DEV Community: Rakesh Tanwar

Common Mistakes Enterprises Make with Cloud Storage and How to Avoid Them

Rakesh Tanwar — Wed, 24 Dec 2025 10:46:38 +0000

Over and over, I see big enterprises burn money, tank performance, or create compliance nightmares because they treat cloud storage like a magic infinite disk. It isn’t. It’s a toolbox. And if you use a hammer for everything, eventually you’re going to hit your thumb. Here are the most common mistakes I see, and how I’d avoid them if I were rebuilding from scratch.

1. Treating cloud storage like an on-prem SAN
The classic one: “We moved to the cloud, so we provisioned giant network volumes and mounted them everywhere. Done.”

That’s not “cloud,” that’s your old data center with extra steps.

Block storage has its place (databases, certain legacy apps), but:

It doesn’t scale like object storage
It’s usually more expensive at large capacity
It ties data to specific instances and zones

What I do instead
I start with object storage as the default for anything that is:

Shared across teams
Read-heavy
Long-lived

Block storage is reserved for latency-sensitive, tightly coupled workloads. If I catch myself putting “everything” on block storage, that’s my red flag that I’m just re-implementing the old world in the cloud.

2. Keeping everything in the hottest (most expensive) tier
I once reviewed a storage bill for an enterprise where 90%+ of the data hadn’t been touched in over a year—all sitting in premium “hot” storage. Their monthly bill was basically a museum ticket for data nobody visited.

This happens because:

Nobody owns lifecycle policies.
“We’ll clean it up later” quietly becomes “never.”
Teams are afraid of archive tiers because they don’t trust they can get data back.

How to avoid it:

Classify data into hot / warm / cold / archive.
Put automated lifecycle policies on every bucket by default:
- After X days → cool tier
- After Y days → archive or delete
Only exempt datasets where you actively justify why they must stay hot.

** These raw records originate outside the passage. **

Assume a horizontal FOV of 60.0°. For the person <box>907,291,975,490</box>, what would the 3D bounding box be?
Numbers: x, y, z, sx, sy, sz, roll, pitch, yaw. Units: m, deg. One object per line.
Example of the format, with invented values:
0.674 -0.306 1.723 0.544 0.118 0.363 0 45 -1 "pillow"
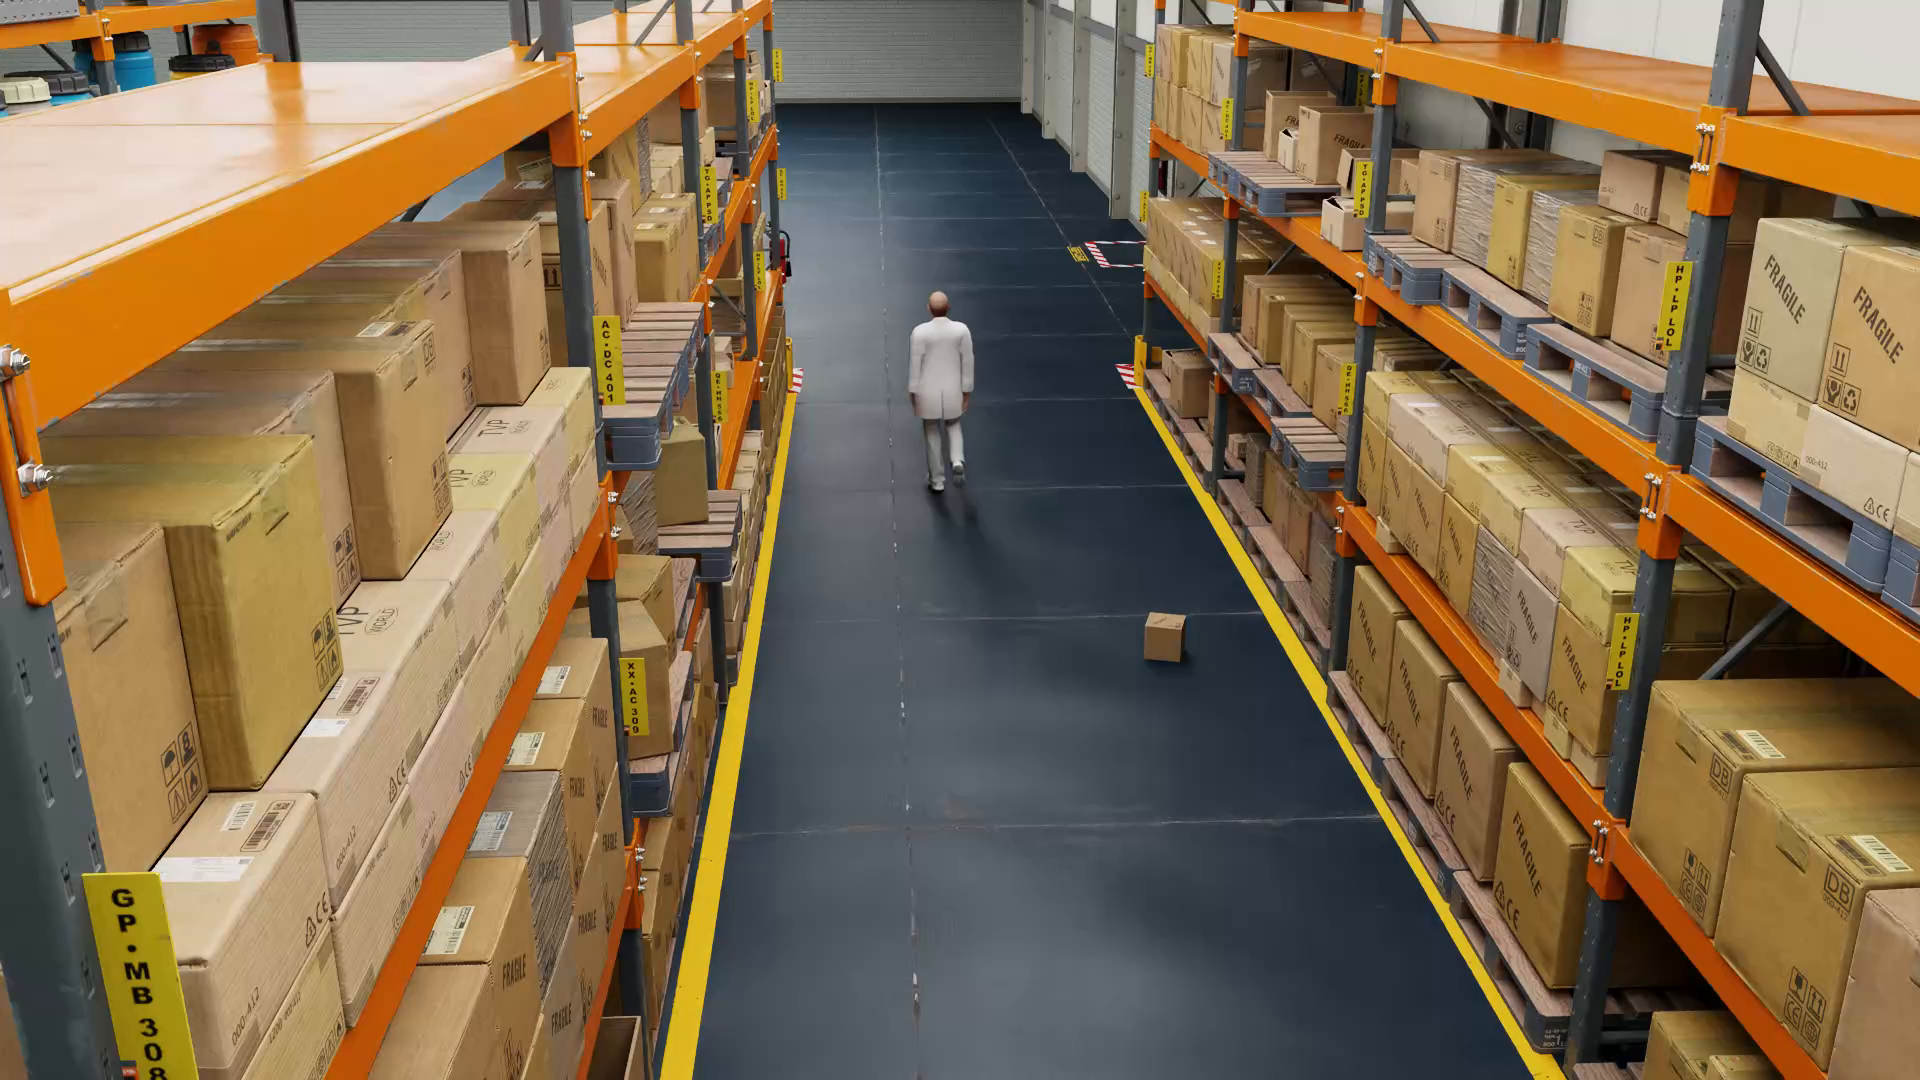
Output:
-0.174 -1.310 14.615 0.572 1.781 0.534 -5 21 -12 "person"
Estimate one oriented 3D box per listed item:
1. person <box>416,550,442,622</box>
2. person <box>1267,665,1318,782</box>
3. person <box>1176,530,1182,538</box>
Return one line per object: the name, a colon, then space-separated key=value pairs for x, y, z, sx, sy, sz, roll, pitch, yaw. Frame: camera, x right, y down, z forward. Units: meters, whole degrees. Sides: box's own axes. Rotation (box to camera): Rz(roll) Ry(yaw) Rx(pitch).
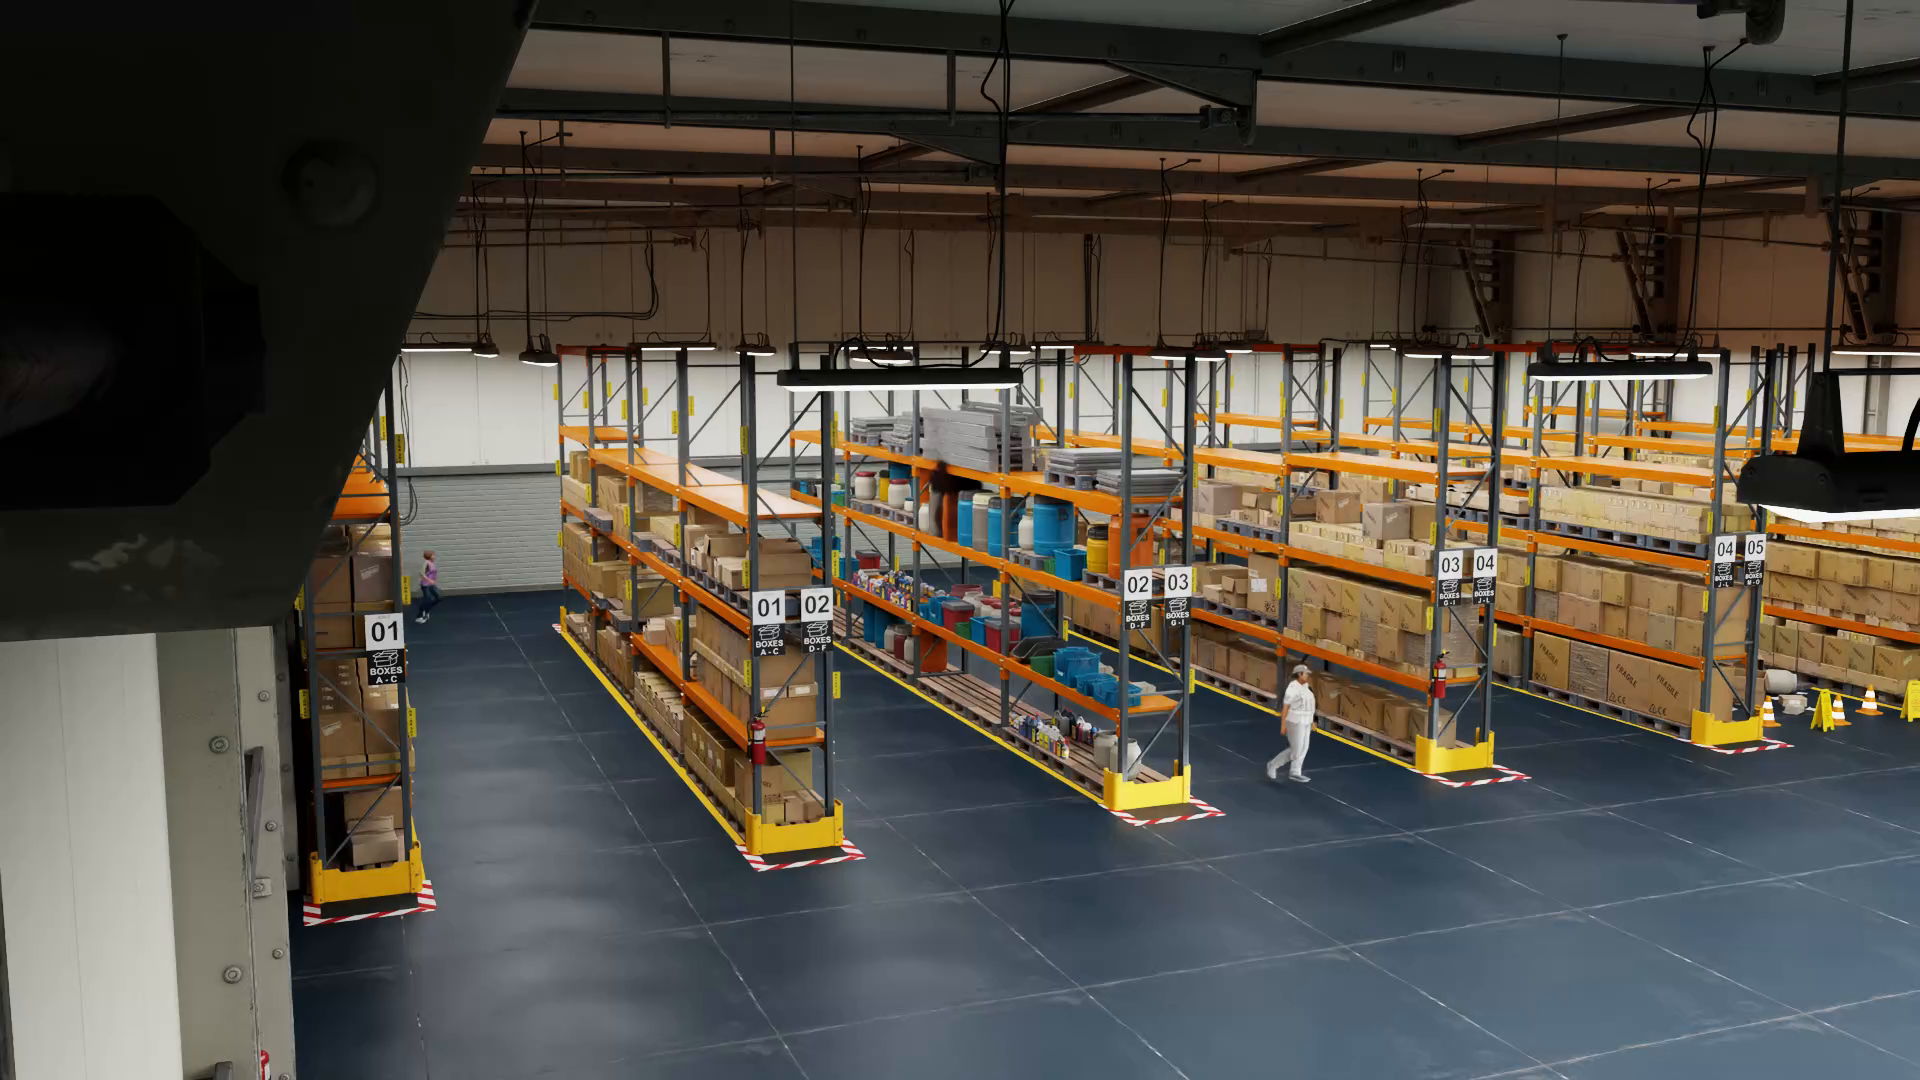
person: x=-11.491 y=0.987 z=36.048 sx=0.524 sy=1.538 sz=0.603 roll=1 pitch=7 yaw=11
person: x=4.640 y=2.566 z=23.256 sx=0.579 sy=1.660 sz=0.653 roll=5 pitch=9 yaw=35
person: x=5.648 y=0.142 z=41.821 sx=0.627 sy=1.834 sz=0.851 roll=5 pitch=9 yaw=34

My rule: if no one can name a reason a dataset must be hot within 5 seconds, it probably shouldn’t be.

3. Ignoring egress and API costs
Everyone obsesses over “$ per GB per month” and then gets ambushed by:

Cross-region egress
“Chatty” apps making millions of small GET/PUTs
Constant re-downloading of the same objects

I’ve seen GPU training jobs where the storage API bill rivaled the compute bill because the data loader was pulling tiny objects one by one across regions.

How I avoid this?

Co-locate compute and storage in the same region by default.
For high-I/O workloads, shard small files into larger objects (webdataset, tar, parquet, etc.).
Use caching:
- Local NVMe or node-local SSDs as a read-through cache for frequently accessed datasets.
Set up cost dashboards that actually surface:
- Top egress sources
- Top buckets by API requests

If you don’t measure egress and API calls, you’ll be surprised. And cloud surprise is always expensive.

4. No data locality strategy for performance-critical workloads
From the GPU side, this one hurts the most.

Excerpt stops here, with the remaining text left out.